Let's do a data transformation - filtering. 

- A way to filter in pandas is to define the filter condition using the square braces operator, typically used for indexing in Python. 
- The syntax for these conditions is specific to pandas and is not the same as the boolean constructs we've used in Python, though it may be the same in some cases.

In [7]:
df_filtered = df[df.year != 2000]
df_filtered.head(10)

Unnamed: 0,year,position,artist,song,score,us,uk,de,fr,ca,au
100,2001,1,Lifehouse,Hanging By A Moment,23865.285,2,25,-,-,-,1
101,2001,2,Train,Drops Of Jupiter (Tell Me),19773.231,5,10,-,73,-,5
102,2001,3,Alicia Keys,Fallin',18779.805,1,3,-,10,-,7
103,2001,4,Eve & Gwen Stefani,Let Me Blow Ya Mind,18647.822,2,4,-,15,-,4
104,2001,5,Dido,Thank You,18085.379,3,3,-,30,-,-
105,2001,6,Shaggy,Angel,17624.324,1,1,-,8,-,1
106,2001,7,Jennifer Lopez & Ja Rule,I'm Real,17500.313,1,4,-,65,-,6
107,2001,8,Staind,It's Been Awhile,16888.466,5,15,-,-,-,24
108,2001,9,Janet Jackson,All For You,16727.022,1,3,-,3,-,5
109,2001,10,Blu Cantrell,Hit 'em Up Style (Oops!),16687.608,2,12,-,47,-,3


The dataframe is a sequence in Python, so we can use some inbuilt functions, like `len()` to count the number of rows.

In [8]:
len(df)

2000

In [10]:
len(df_filtered)

1900

Finally, let's learn some keyboard shortcuts that are useful.
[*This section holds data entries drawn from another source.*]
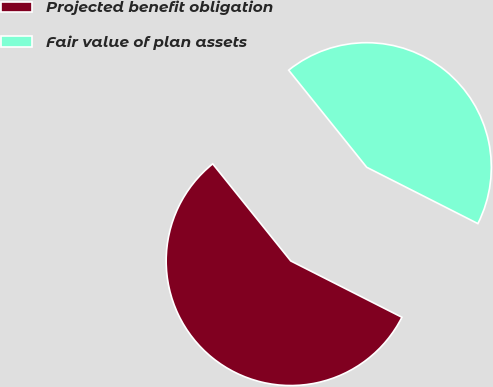Convert chart to OTSL. <chart><loc_0><loc_0><loc_500><loc_500><pie_chart><fcel>Projected benefit obligation<fcel>Fair value of plan assets<nl><fcel>56.76%<fcel>43.24%<nl></chart> 
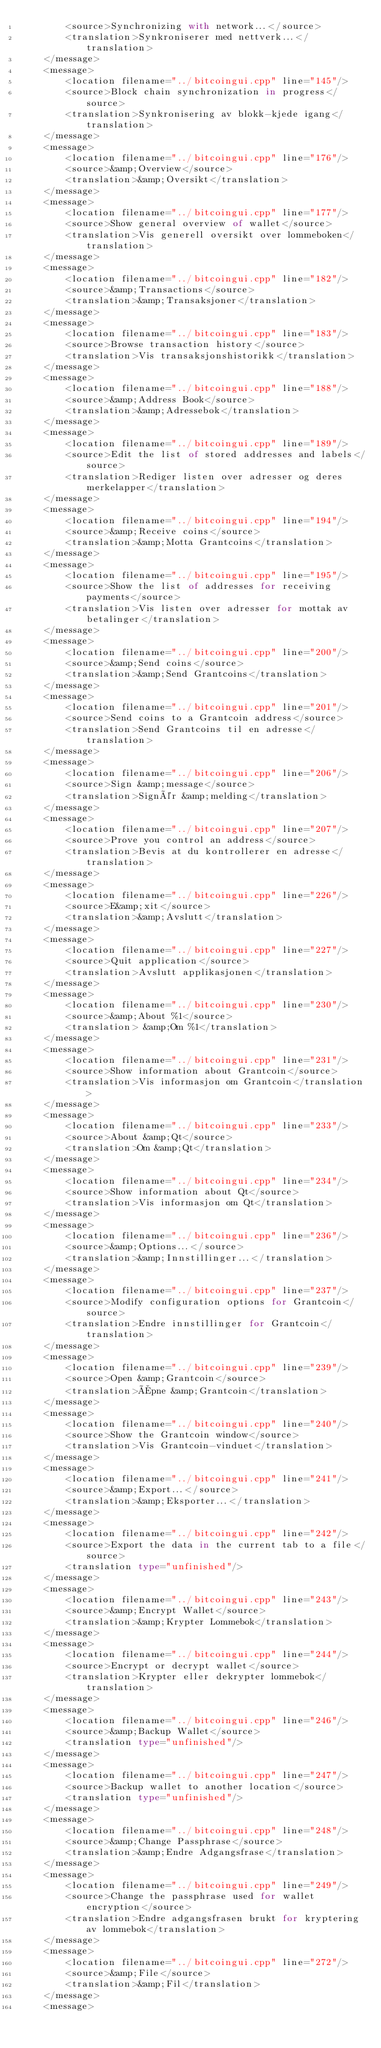Convert code to text. <code><loc_0><loc_0><loc_500><loc_500><_TypeScript_>        <source>Synchronizing with network...</source>
        <translation>Synkroniserer med nettverk...</translation>
    </message>
    <message>
        <location filename="../bitcoingui.cpp" line="145"/>
        <source>Block chain synchronization in progress</source>
        <translation>Synkronisering av blokk-kjede igang</translation>
    </message>
    <message>
        <location filename="../bitcoingui.cpp" line="176"/>
        <source>&amp;Overview</source>
        <translation>&amp;Oversikt</translation>
    </message>
    <message>
        <location filename="../bitcoingui.cpp" line="177"/>
        <source>Show general overview of wallet</source>
        <translation>Vis generell oversikt over lommeboken</translation>
    </message>
    <message>
        <location filename="../bitcoingui.cpp" line="182"/>
        <source>&amp;Transactions</source>
        <translation>&amp;Transaksjoner</translation>
    </message>
    <message>
        <location filename="../bitcoingui.cpp" line="183"/>
        <source>Browse transaction history</source>
        <translation>Vis transaksjonshistorikk</translation>
    </message>
    <message>
        <location filename="../bitcoingui.cpp" line="188"/>
        <source>&amp;Address Book</source>
        <translation>&amp;Adressebok</translation>
    </message>
    <message>
        <location filename="../bitcoingui.cpp" line="189"/>
        <source>Edit the list of stored addresses and labels</source>
        <translation>Rediger listen over adresser og deres merkelapper</translation>
    </message>
    <message>
        <location filename="../bitcoingui.cpp" line="194"/>
        <source>&amp;Receive coins</source>
        <translation>&amp;Motta Grantcoins</translation>
    </message>
    <message>
        <location filename="../bitcoingui.cpp" line="195"/>
        <source>Show the list of addresses for receiving payments</source>
        <translation>Vis listen over adresser for mottak av betalinger</translation>
    </message>
    <message>
        <location filename="../bitcoingui.cpp" line="200"/>
        <source>&amp;Send coins</source>
        <translation>&amp;Send Grantcoins</translation>
    </message>
    <message>
        <location filename="../bitcoingui.cpp" line="201"/>
        <source>Send coins to a Grantcoin address</source>
        <translation>Send Grantcoins til en adresse</translation>
    </message>
    <message>
        <location filename="../bitcoingui.cpp" line="206"/>
        <source>Sign &amp;message</source>
        <translation>Signér &amp;melding</translation>
    </message>
    <message>
        <location filename="../bitcoingui.cpp" line="207"/>
        <source>Prove you control an address</source>
        <translation>Bevis at du kontrollerer en adresse</translation>
    </message>
    <message>
        <location filename="../bitcoingui.cpp" line="226"/>
        <source>E&amp;xit</source>
        <translation>&amp;Avslutt</translation>
    </message>
    <message>
        <location filename="../bitcoingui.cpp" line="227"/>
        <source>Quit application</source>
        <translation>Avslutt applikasjonen</translation>
    </message>
    <message>
        <location filename="../bitcoingui.cpp" line="230"/>
        <source>&amp;About %1</source>
        <translation> &amp;Om %1</translation>
    </message>
    <message>
        <location filename="../bitcoingui.cpp" line="231"/>
        <source>Show information about Grantcoin</source>
        <translation>Vis informasjon om Grantcoin</translation>
    </message>
    <message>
        <location filename="../bitcoingui.cpp" line="233"/>
        <source>About &amp;Qt</source>
        <translation>Om &amp;Qt</translation>
    </message>
    <message>
        <location filename="../bitcoingui.cpp" line="234"/>
        <source>Show information about Qt</source>
        <translation>Vis informasjon om Qt</translation>
    </message>
    <message>
        <location filename="../bitcoingui.cpp" line="236"/>
        <source>&amp;Options...</source>
        <translation>&amp;Innstillinger...</translation>
    </message>
    <message>
        <location filename="../bitcoingui.cpp" line="237"/>
        <source>Modify configuration options for Grantcoin</source>
        <translation>Endre innstillinger for Grantcoin</translation>
    </message>
    <message>
        <location filename="../bitcoingui.cpp" line="239"/>
        <source>Open &amp;Grantcoin</source>
        <translation>Åpne &amp;Grantcoin</translation>
    </message>
    <message>
        <location filename="../bitcoingui.cpp" line="240"/>
        <source>Show the Grantcoin window</source>
        <translation>Vis Grantcoin-vinduet</translation>
    </message>
    <message>
        <location filename="../bitcoingui.cpp" line="241"/>
        <source>&amp;Export...</source>
        <translation>&amp;Eksporter...</translation>
    </message>
    <message>
        <location filename="../bitcoingui.cpp" line="242"/>
        <source>Export the data in the current tab to a file</source>
        <translation type="unfinished"/>
    </message>
    <message>
        <location filename="../bitcoingui.cpp" line="243"/>
        <source>&amp;Encrypt Wallet</source>
        <translation>&amp;Krypter Lommebok</translation>
    </message>
    <message>
        <location filename="../bitcoingui.cpp" line="244"/>
        <source>Encrypt or decrypt wallet</source>
        <translation>Krypter eller dekrypter lommebok</translation>
    </message>
    <message>
        <location filename="../bitcoingui.cpp" line="246"/>
        <source>&amp;Backup Wallet</source>
        <translation type="unfinished"/>
    </message>
    <message>
        <location filename="../bitcoingui.cpp" line="247"/>
        <source>Backup wallet to another location</source>
        <translation type="unfinished"/>
    </message>
    <message>
        <location filename="../bitcoingui.cpp" line="248"/>
        <source>&amp;Change Passphrase</source>
        <translation>&amp;Endre Adgangsfrase</translation>
    </message>
    <message>
        <location filename="../bitcoingui.cpp" line="249"/>
        <source>Change the passphrase used for wallet encryption</source>
        <translation>Endre adgangsfrasen brukt for kryptering av lommebok</translation>
    </message>
    <message>
        <location filename="../bitcoingui.cpp" line="272"/>
        <source>&amp;File</source>
        <translation>&amp;Fil</translation>
    </message>
    <message></code>

- If you are in a cell, where the frame around it is green, then you are in _edit_ mode. If it is blue, you are in _command_ mode.
- To switch to _edit_ mode, press **Enter**. To switch to _command_ mode, press **Esc**.
- While in _edit_ mode, you can press **Shift-Enter** to execute the cell.
- While in _command_ mode, you can
  - Press **a** to create a new cell above the current cell.
  - Press **b** to create a new cell below the current cell.
  - Press **x** to delete the current cell.
  - Press **c** to copy the current cell, and **v** to paste the current cell.
  - Press **s** to save the notebook.
  - Use **Up** and **Down** arrow keys to navigate up and down the cells.